Cordillera Cowboy said:


> We are celebrating the youngest grandkid’s 1st birthday today. We will stay until the birthday of the eldest next month.
> 
> Making up for 2+ years of not being able to visit.



My son was born in Tokyo September of 1990. 
October is the best month of all. so pretty and still warm, unless you get a TaiFoon


----------



## Cordillera Cowboy (Jun 6, 2014)

tinyliny said:


> My son was born in Tokyo September of 1990.
> October is the best month of all. so pretty and still warm, unless you get a TaiFoon


One just hit the south of the country. It was a weak tropical storm by the time it got to us.


----------



## Cordillera Cowboy (Jun 6, 2014)

A day in the life:

We shipped a suitcase full of baby and kid necessities to the ryokan we will be spending the weekend at. Just not enough room in the car. Both parents are at work, we’re watching the kids. The guy came to pick it up. He measured It, punched the numbers into a handheld gadget, and said something to me in Japanese.

I called the bilingual 4 year old to interpret for me. The kid isn’t keen on strangers, but he mumbled something to the pickup guy. The guy replied to him in Japanese. The 4 year old whispered in my ear, “He wants coins.”

I paid the man.


----------



## knightrider (Jun 27, 2014)

So glad the taiFoon did not affect your trip. I was thinking of you while listening to the news about the storm.


----------



## Cordillera Cowboy (Jun 6, 2014)

More sumo stuff:

The Nomisukuni Shrine is only a few blocks from our son’s place. It’s really small, and tucked away in a mostly residential area. A bit of google work informed me that it is the shrine to the deified spirit of the inventor of sumo style wrestling.
When we first arrived, it was blocked off, and workmen were inside.

the best info I got on it was from trip advisor, where one commenter mentioned that the shrine is apparently not permanently attended or maintained. As the basin used for ritual purification before prayer was empty of water.

The maintenance I saw earlier made sense after I learned that a national level sumo tournament is currently underway. The tournament will last for 15 days.

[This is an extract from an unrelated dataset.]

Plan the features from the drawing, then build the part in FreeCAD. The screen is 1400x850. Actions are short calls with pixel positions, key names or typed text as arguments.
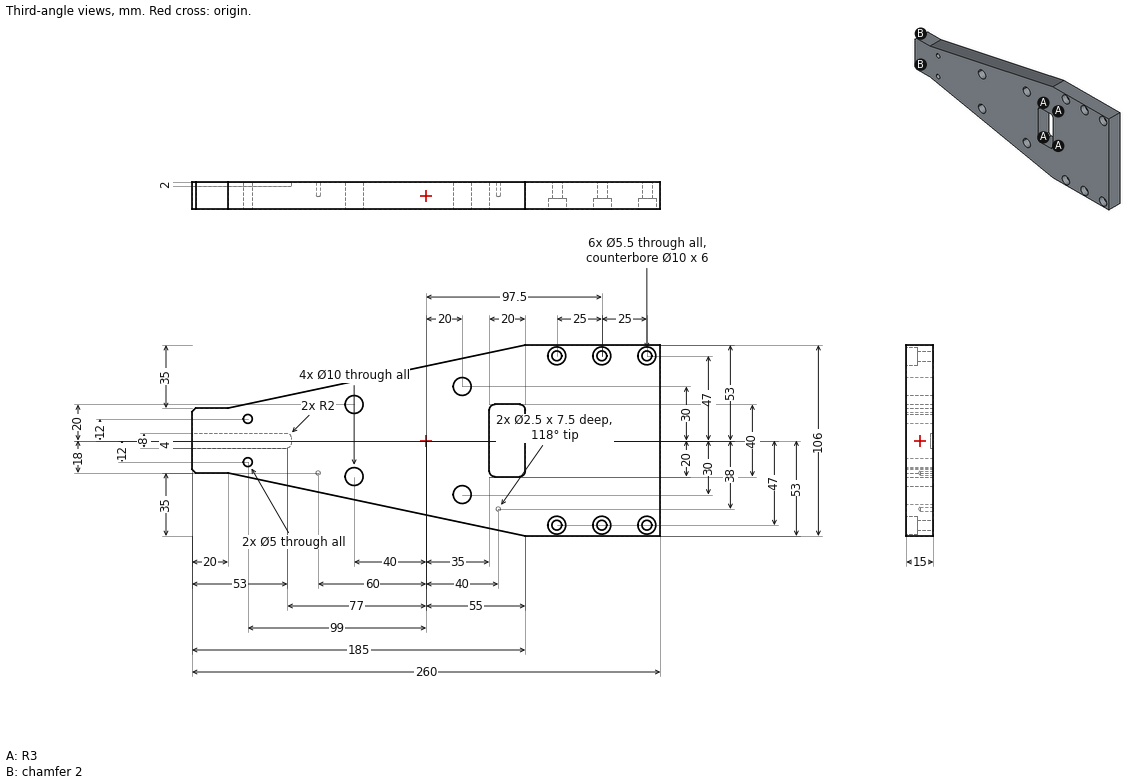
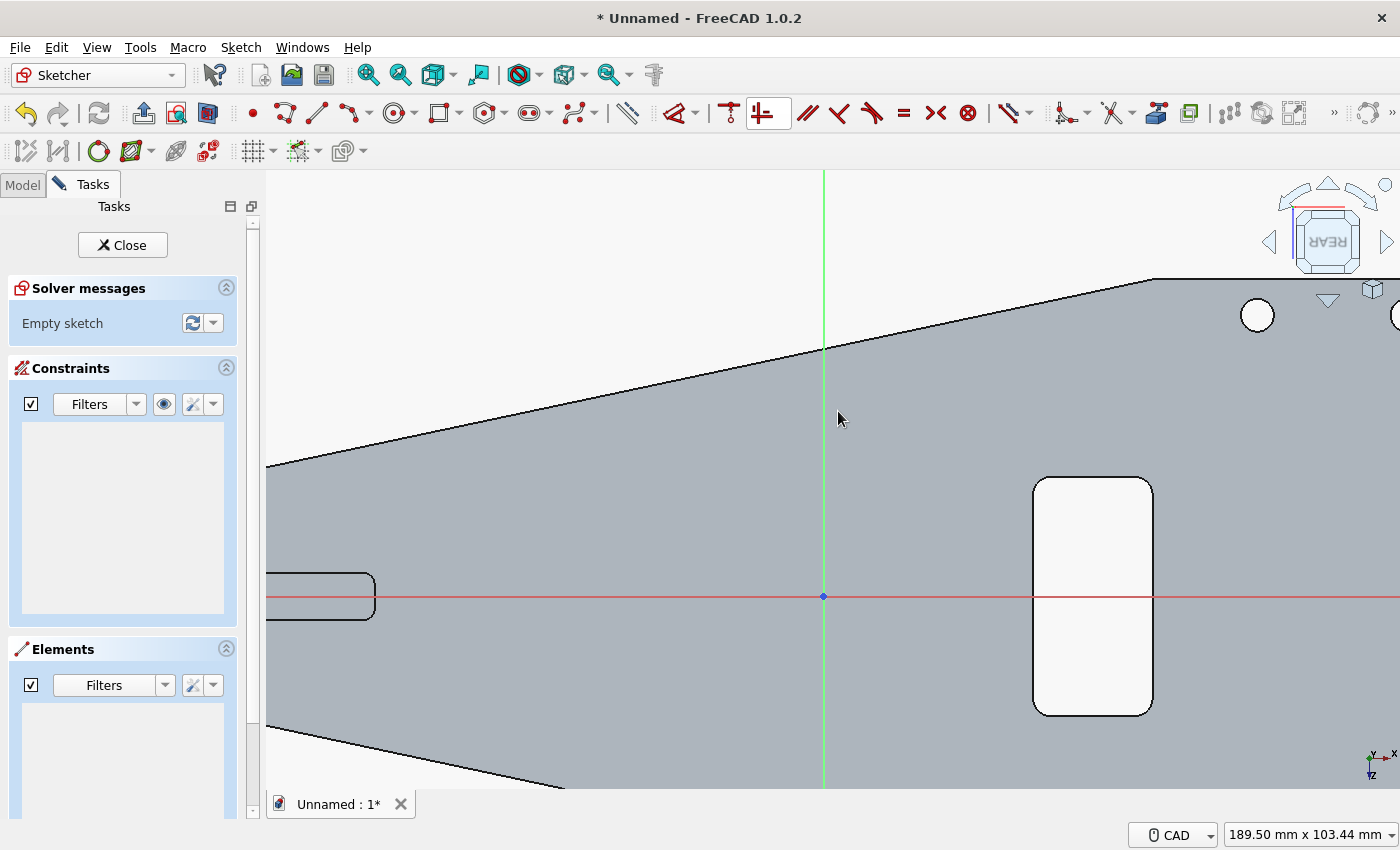
key(g)
key(c)

https://en.m.wikipedia.org/wiki/Sumo


----------



## Cordillera Cowboy (Jun 6, 2014)

Still more sumo stuff:

One of my landmarks as I wander around is this corner clothing store. It caters to the wrestlers. Of course they offer the competition and ceremonial clothing needed by the wrestlers. But they also carry street clothes in sizes to fit large and very large men.


----------



## Cordillera Cowboy (Jun 6, 2014)

I’ll put up a bit about our visit to the ryokan after I get the photos organized. But here’s a teaser with the entrance to the place.


----------



## Cordillera Cowboy (Jun 6, 2014)

Cool stuff on our morning walk.

I often wander the small side streets when I take the youngest out for a mid morning walk. We often find some out of the way bits of history. This morning, we came across a tiny shrine to someone named Nakajima Ise. The kid had fallen asleep by then, so I sat on a bench and googled the fellow. He turned out to be a minor artisan who is most famous for adopting a kid named Hokusai.

Hokusai grew up to become an artist most famous for a series of 36 views of Mount Fuji done in woodblock prints. His work is iconic, and can be seen depicted all over the place.

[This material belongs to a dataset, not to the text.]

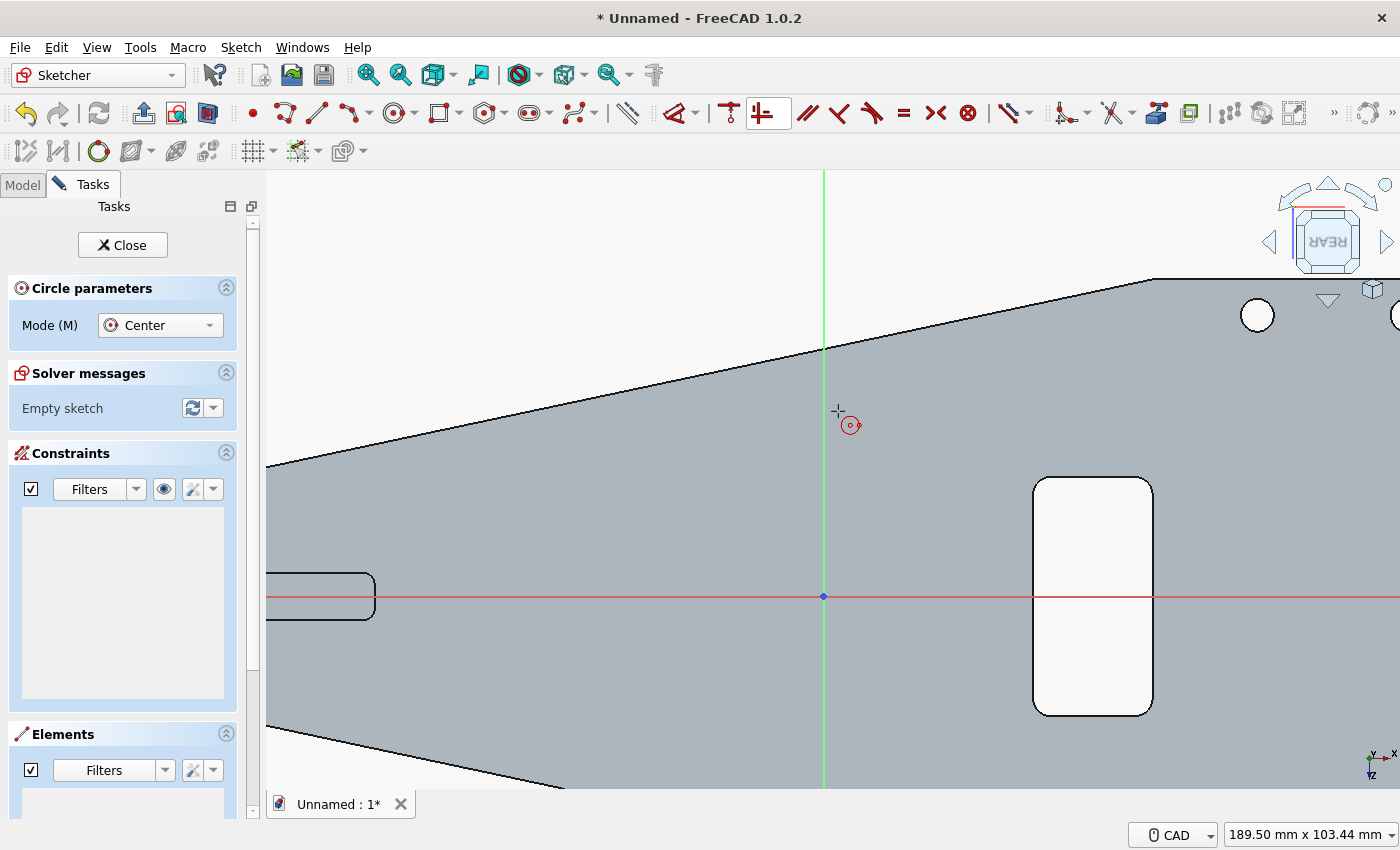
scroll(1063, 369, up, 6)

https://en.m.wikipedia.org/wiki/Hokusai




There are many of these small shrines dotted all around the city. This is the first I’ve seen where random passers by stop to pay homage. While I was there, a couple of men in business attire, and a small group of construction workers stopped and reverently bowed and stood for a moment.


----------



## Cordillera Cowboy (Jun 6, 2014)

Probably the most famous work by Hokusai.



https://en.m.wikipedia.org/wiki/The_Great_Wave_off_Kanagawa


----------



## Cordillera Cowboy (Jun 6, 2014)

Across the street from the Nakajima Ise shrine is a small shrine on the site of the home of Lord Kira. 

Kira was one of the principal people in the events depicted in novels and films of the 47 Ronin.


----------



## ACinATX (Sep 12, 2018)

@Cordillera Cowboy are these shrines located in a place of signifigance, e.g. the place has some relationship to the person or thing it is honoring or do people just put them up wherever?


----------



## Cordillera Cowboy (Jun 6, 2014)

ACinATX said:


> @Cordillera Cowboy are these shrines located in a place of signifigance, e.g. the place has some relationship to the person or thing it is honoring or do people just put them up wherever?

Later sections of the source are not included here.